An arbitrator can be used for the entire process or only to resolve
certain issues. The arbitrator may even offer a combination approach,
mediating initially, but making a decision for you if you cannot
agree.
- Collaborative Divorce
Collaborative Divorce is a team approach to divorce that includes,
neutral financial specialists, Collaborative Law attorneys and
when needed, child specialists. Divorcing families obtain professional
help from specialists in the psychotherapy, financial and legal
fields to help them settle their case. Each team member assists
the family in his/her area of expertise, and then works with other
team members and with the collaborative law attorneys who help
families reach divorce settlements.
The team teaches communication skills so that parents can communicate
better with each other and in the future around their childrens
needs. Finances are addressed, budgets are created, and financial
skills taught where needed. Although more professionals are involved
in collaborative divorce cases, the cost is lower for the family
overall because the family receives specific and focused divorce
assistance which allows for more productive work when meeting
with their attorneys to reach settlement. -Collaborative Law attorneys
are the legal professionals on a Collaborative Divorce team.
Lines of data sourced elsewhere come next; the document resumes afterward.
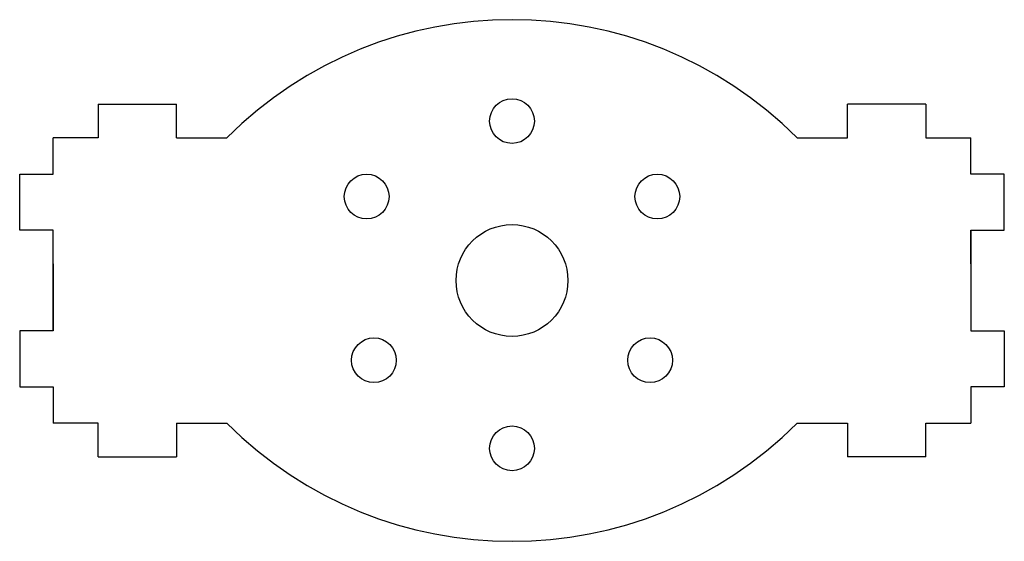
# Model space of a CAD drawing. Header units: millimetres. Extents: x -44 to 44, y -23.3 to 23.3.
import ezdxf

# ---------------------------------------------------------------- set-up
doc = ezdxf.new("R2010")
doc.units = ezdxf.units.MM

msp = doc.modelspace()

# ---------------------------------------------------------------- linework, layer by layer
at = {"color": 7, "linetype": 'Continuous'}
for p, q in [((-37, 15.75), (-30, 15.75)), ((-37, 15.75), (-37, 12.75)), ((-30, 12.75), (-30, 15.75)), ((30, 12.75), (30, 15.75)), ((37, 15.75), (30, 15.75)), ((37, 15.75), (37, 12.75)), ((-37, 12.75), (-41, 12.75)), ((-41, 9.5), (-41, 12.75)), ((-30, 12.75), (-25.489, 12.75)), ((25.489, 12.75), (30, 12.75)), ((37, 12.75), (41, 12.75)), ((41, 9.5), (41, 12.75)), ((-44, 4.5), (-44, 9.5)), ((-44, 9.5), (-41, 9.5)), ((44, 9.5), (41, 9.5)), ((44, 4.5), (44, 9.5)), ((-41, 4.5), (-44, 4.5)), ((-41, 1.5), (-41, 4.5)), ((41, 4.5), (44, 4.5)), ((41, 1.5), (41, 4.5)), ((-41, 1.5), (-41, -1.5)), ((41, 1.5), (41, -1.5)), ((-41, -1.5), (-41, -4.5)), ((41, -1.5), (41, -4.5)), ((-44, -4.5), (-44, -9.5)), ((-41, -4.5), (-44, -4.5)), ((41, -4.5), (44, -4.5)), ((44, -4.5), (44, -9.5)), ((-44, -9.5), (-41, -9.5)), ((-41, -9.5), (-41, -12.75)), ((44, -9.5), (41, -9.5)), ((41, -9.5), (41, -12.75)), ((-37, -12.75), (-41, -12.75)), ((-37, -15.75), (-37, -12.75)), ((-30, -12.75), (-30, -15.75)), ((-30, -12.75), (-25.489, -12.75)), ((25.489, -12.75), (30, -12.75)), ((30, -12.75), (30, -15.75)), ((37, -15.75), (37, -12.75)), ((37, -12.75), (41, -12.75)), ((-37, -15.75), (-30, -15.75)), ((37, -15.75), (30, -15.75))]:
    msp.add_line(p, q, dxfattribs=at)
at = {"color": 7, "linetype": 'Continuous', "lineweight": 25}
for p, q in [((-37, 15.75), (-37, 12.75)), ((-37, 15.75), (-30, 15.75)), ((-30, 12.75), (-30, 15.75)), ((30, 12.75), (30, 15.75)), ((37, 15.75), (30, 15.75)), ((37, 15.75), (37, 12.75)), ((-41, 9.5), (-41, 12.75)), ((-37, 12.75), (-41, 12.75)), ((-30, 12.75), (-25.489, 12.75)), ((25.489, 12.75), (30, 12.75)), ((37, 12.75), (41, 12.75)), ((41, 9.5), (41, 12.75)), ((-44, 4.5), (-44, 9.5)), ((-44, 9.5), (-41, 9.5)), ((44, 9.5), (41, 9.5)), ((44, 4.5), (44, 9.5)), ((-41, 4.5), (-44, 4.5)), ((-41, -4.5), (-41, 4.5)), ((41, 4.5), (44, 4.5)), ((41, 4.5), (41, -4.5)), ((-44, -4.5), (-44, -9.5)), ((-41, -4.5), (-44, -4.5)), ((41, -4.5), (44, -4.5)), ((44, -4.5), (44, -9.5)), ((-44, -9.5), (-41, -9.5)), ((-41, -9.5), (-41, -12.75)), ((44, -9.5), (41, -9.5)), ((41, -9.5), (41, -12.75)), ((-37, -12.75), (-41, -12.75)), ((-37, -15.75), (-37, -12.75)), ((-30, -12.75), (-25.489, -12.75)), ((-30, -12.75), (-30, -15.75)), ((25.489, -12.75), (30, -12.75)), ((30, -12.75), (30, -15.75)), ((37, -12.75), (41, -12.75)), ((37, -15.75), (37, -12.75)), ((-37, -15.75), (-30, -15.75)), ((37, -15.75), (30, -15.75))]:
    msp.add_line(p, q, dxfattribs=at)
at = {"color": 7, "linetype": 'Continuous'}
for centre, radius in [((0, 14.25), 2), ((-12.99, 7.5), 2), ((12.99, 7.5), 2), ((0, 0), 5), ((-12.341, -7.125), 2), ((12.341, -7.125), 2), ((0, -15), 2)]:
    msp.add_circle(centre, radius, dxfattribs=at)
at = {"color": 7, "linetype": 'Continuous', "lineweight": 25}
for centre, radius in [((0, 14.25), 2), ((-12.99, 7.5), 2), ((12.99, 7.5), 2), ((0, 0), 5), ((-12.341, -7.125), 2), ((12.341, -7.125), 2), ((0, -15), 2)]:
    msp.add_circle(centre, radius, dxfattribs=at)
at = {"color": 7, "linetype": 'Continuous'}
for centre, start, end in [((0, -12.739), 45, 135), ((0, 12.739), 225, 315)]:
    msp.add_arc(centre, 36.047, start, end, dxfattribs=at)
at = {"color": 7, "linetype": 'Continuous', "lineweight": 25}
for centre, start, end in [((0, -12.739), 45, 135), ((0, 12.739), 225, 315)]:
    msp.add_arc(centre, 36.047, start, end, dxfattribs=at)

doc.saveas('drawing.dxf')

Collaborative Law is a new dispute resolution model in which both
husband and wife retain separate, specially trained lawyers whose
only job is to help them settle the dispute. All participants
agree to work together respectfully, honestly, and in good faith
to try to find win-win solutions to the legitimate
needs of both parties. No one may go to court, or even threaten
to do so, and if that should occur, the Collaborative Law process
terminates and both lawyers are disqualified from any further
involvement in the case.
Both sides sign a binding agreement to disclose all documents
and information that relate to the issues, early and fully and
voluntarily. Hide the ball and stonewalling are not
permitted. All information is shared openly. Attorneys and clients
work together to create win-win solutions for all members of the
family.
The Collaborative Law attorneys have a completely different state
of mind about what their job is than traditional lawyers generally
bring to their work. We call it a paradigm shift.
Instead of being dedicated to getting the largest possible piece
of the pie for their own client, no matter the human or financial
cost, collaborative lawyers are dedicated to helping their clients
achieve their highest intentions for themselves in their post-divorce
restructured families.
Collaborative lawyers do not act as a hired gun. Nor do they take
advantage of mistakes inadvertently made by the other side. They
expect and encourage the highest good-faith problem-solving behavior
from their own clients and themselves.
Collaborative lawyers trust one another. They still owe a primary
allegiance and duty to their own clients but they know that the
only way they can serve the true best interests of their clients
is to behave with, and demand, the highest integrity from themselves,
their clients, and the other participants in the process.
Collaborative Law and Collaborative Divorce offer a greater potential
for creative problem-solving than does either mediation or litigation,
in that only Collaborative Law puts two lawyers in the same room
pulling in the same direction to solve the same list of problems.
No matter how good a lawyer they are for their client, they cannot
succeed as a Collaborative Lawyer unless they also can find solutions
to the other partys problems that their client finds satisfactory.
This is the special characteristic of Collaborative Law that is
found in no other dispute resolution process.